##### #1. On Training Targets and Objective Functions for Deep-Learning-Based Audio-Visual Speech Enhancement
###### Daniel Michelsanti, Zheng-Hua Tan, Sigurdur Sigurdsson, Jesper Jensen
Audio-visual speech enhancement (AV-SE) is the task of improving speech quality and intelligibility in a noisy environment using audio and visual information from a talker. Recently, deep learning techniques have been adopted to solve the AV-SE task in a supervised manner. In this context, the choice of the target, i.e. the quantity to be estimated, and the objective function, which quantifies the quality of this estimate, to be used for training is critical for the performance. This work is the first that presents an experimental study of a range of different targets and objective functions used to train a deep-learning-based AV-SE system. The results show that the approaches that directly estimate a mask perform the best overall in terms of estimated speech quality and intelligibility, although the model that directly estimates the log magnitude spectrum performs as good in terms of estimated speech quality.
##### #2. Effects of Lombard Reflex on the Performance of Deep-Learning-Based Audio-Visual Speech Enhancement Systems
###### Daniel Michelsanti, Zheng-Hua Tan, Sigurdur Sigurdsson, Jesper Jensen
Humans tend to change their way of speaking when they are immersed in a noisy environment, a reflex known as Lombard effect. Current speech enhancement systems based on deep learning do not usually take into account this change in the speaking style, because they are trained with neutral (non-Lombard) speech utterances recorded under quiet conditions to which noise is artificially added.
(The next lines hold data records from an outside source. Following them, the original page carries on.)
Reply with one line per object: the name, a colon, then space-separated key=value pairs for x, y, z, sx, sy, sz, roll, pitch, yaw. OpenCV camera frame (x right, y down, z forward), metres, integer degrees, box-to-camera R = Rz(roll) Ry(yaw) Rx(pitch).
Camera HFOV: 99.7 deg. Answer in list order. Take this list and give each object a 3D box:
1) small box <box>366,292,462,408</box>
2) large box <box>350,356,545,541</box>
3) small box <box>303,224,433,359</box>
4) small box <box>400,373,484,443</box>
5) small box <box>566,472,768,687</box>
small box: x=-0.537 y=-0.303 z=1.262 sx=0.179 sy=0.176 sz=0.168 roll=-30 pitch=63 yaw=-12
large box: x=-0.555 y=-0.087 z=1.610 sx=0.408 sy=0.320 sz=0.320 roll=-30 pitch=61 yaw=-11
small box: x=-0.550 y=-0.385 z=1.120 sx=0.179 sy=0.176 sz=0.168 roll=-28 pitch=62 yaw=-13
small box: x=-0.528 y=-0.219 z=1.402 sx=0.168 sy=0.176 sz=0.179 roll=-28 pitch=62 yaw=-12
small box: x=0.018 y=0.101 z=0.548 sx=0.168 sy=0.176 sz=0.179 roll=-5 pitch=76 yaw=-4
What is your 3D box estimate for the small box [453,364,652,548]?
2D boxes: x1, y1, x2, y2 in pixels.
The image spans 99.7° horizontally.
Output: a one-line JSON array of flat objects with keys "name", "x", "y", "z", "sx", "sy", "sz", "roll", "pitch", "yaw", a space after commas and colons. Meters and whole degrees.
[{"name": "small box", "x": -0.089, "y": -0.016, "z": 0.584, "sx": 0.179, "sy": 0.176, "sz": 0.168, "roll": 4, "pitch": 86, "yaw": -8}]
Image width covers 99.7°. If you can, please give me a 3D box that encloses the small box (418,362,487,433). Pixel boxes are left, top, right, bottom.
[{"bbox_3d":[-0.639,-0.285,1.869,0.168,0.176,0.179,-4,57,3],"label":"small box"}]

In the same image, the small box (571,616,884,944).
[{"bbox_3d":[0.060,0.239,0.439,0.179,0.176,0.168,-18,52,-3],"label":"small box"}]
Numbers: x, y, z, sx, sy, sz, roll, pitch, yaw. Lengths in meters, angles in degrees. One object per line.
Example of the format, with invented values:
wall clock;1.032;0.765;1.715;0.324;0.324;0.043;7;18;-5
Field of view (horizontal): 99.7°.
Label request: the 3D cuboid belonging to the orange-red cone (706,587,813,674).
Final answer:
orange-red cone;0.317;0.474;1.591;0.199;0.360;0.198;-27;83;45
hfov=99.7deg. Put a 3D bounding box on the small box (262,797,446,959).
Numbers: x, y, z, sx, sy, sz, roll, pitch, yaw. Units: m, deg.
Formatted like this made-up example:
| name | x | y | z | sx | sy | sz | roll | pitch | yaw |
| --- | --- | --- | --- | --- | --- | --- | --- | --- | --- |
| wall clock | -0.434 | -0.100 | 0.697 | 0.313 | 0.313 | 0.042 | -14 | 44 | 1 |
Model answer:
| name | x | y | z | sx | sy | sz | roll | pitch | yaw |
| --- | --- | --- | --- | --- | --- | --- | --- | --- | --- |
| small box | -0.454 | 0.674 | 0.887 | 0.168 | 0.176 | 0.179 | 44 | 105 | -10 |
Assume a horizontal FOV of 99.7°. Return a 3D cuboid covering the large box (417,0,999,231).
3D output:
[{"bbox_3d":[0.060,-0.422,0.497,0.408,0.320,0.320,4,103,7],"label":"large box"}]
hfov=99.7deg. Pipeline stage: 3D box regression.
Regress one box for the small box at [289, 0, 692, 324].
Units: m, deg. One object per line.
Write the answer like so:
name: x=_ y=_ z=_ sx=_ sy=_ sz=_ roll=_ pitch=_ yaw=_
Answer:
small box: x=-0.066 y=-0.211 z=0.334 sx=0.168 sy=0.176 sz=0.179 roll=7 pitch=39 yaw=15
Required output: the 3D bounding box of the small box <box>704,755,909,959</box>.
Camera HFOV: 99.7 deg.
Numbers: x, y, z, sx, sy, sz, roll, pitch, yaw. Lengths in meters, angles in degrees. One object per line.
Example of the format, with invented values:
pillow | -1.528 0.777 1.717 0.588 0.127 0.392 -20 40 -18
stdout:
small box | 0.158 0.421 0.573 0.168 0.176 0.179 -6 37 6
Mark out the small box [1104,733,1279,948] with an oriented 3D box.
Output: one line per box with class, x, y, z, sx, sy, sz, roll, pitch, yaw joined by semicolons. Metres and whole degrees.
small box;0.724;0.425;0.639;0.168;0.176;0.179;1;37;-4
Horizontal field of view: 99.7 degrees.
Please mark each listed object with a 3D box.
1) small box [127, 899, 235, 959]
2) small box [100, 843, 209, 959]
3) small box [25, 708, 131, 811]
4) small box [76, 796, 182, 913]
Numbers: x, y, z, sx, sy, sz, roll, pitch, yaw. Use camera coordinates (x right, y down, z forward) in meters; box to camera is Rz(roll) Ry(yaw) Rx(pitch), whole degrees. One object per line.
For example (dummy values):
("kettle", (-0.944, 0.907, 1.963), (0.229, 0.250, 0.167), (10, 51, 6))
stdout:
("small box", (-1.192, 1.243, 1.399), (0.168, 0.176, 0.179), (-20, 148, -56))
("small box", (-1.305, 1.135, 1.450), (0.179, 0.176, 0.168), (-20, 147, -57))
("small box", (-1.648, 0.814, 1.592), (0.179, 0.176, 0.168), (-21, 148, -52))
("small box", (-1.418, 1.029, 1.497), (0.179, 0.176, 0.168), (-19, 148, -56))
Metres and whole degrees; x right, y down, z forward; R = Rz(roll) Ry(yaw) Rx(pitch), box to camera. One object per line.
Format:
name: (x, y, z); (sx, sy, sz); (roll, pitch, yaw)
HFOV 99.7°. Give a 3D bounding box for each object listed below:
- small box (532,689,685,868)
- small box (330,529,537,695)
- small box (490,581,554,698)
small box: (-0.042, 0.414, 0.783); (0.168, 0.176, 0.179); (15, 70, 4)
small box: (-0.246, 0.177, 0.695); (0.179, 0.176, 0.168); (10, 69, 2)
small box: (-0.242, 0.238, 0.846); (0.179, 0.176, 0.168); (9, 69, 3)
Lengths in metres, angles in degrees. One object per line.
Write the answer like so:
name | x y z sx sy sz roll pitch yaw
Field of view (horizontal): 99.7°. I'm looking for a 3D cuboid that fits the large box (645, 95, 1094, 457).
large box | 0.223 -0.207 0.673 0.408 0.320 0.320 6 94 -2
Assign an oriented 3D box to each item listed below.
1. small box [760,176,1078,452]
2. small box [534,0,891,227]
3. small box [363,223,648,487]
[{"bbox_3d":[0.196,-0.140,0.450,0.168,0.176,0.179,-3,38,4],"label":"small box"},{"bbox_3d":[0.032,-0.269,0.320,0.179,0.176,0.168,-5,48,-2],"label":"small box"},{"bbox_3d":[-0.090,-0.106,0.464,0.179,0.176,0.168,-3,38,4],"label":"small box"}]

In this paper, we investigate the effects that the Lombard reflex has on the performance of audio-visual speech enhancement systems based on deep learning. The results show that a gap in the performance of as much as approximately 5 dB between the systems trained on neutral speech and the ones trained on Lombard speech exists. This indicates the benefit of taking into account the mismatch between neutral and Lombard speech in the design of audio-visual speech enhancement systems.
##### #3. Robust universal neural vocoding
###### Jaime Lorenzo-Trueba, Thomas Drugman, Javier Latorre, Thomas Merritt, Bartosz Putrycz, Roberto Barra-Chicote
This paper introduces a robust universal neural vocoder trained with 74 speakers (comprised of both genders) coming from 17 languages. This vocoder is shown to be capable of generating speech of consistently good quality (98% relative mean MUSHRA when compared to natural speech) regardless of whether the input spectrogram comes from a speaker, style or recording condition seen during training or from an out-of-domain scenario. Together with the system, we present a full text-to-speech analysis of robustness of a number of implemented systems. The complexity of systems tested range from a convolutional neural networks-based system conditioned on linguistics to a recurrent neural networks-based system conditioned on mel-spectrograms. The analysis shows that convolutional neural networks-based systems are prone to occasional instabilities, while the recurrent approaches are significantly more stable and capable of providing universalizing robustness.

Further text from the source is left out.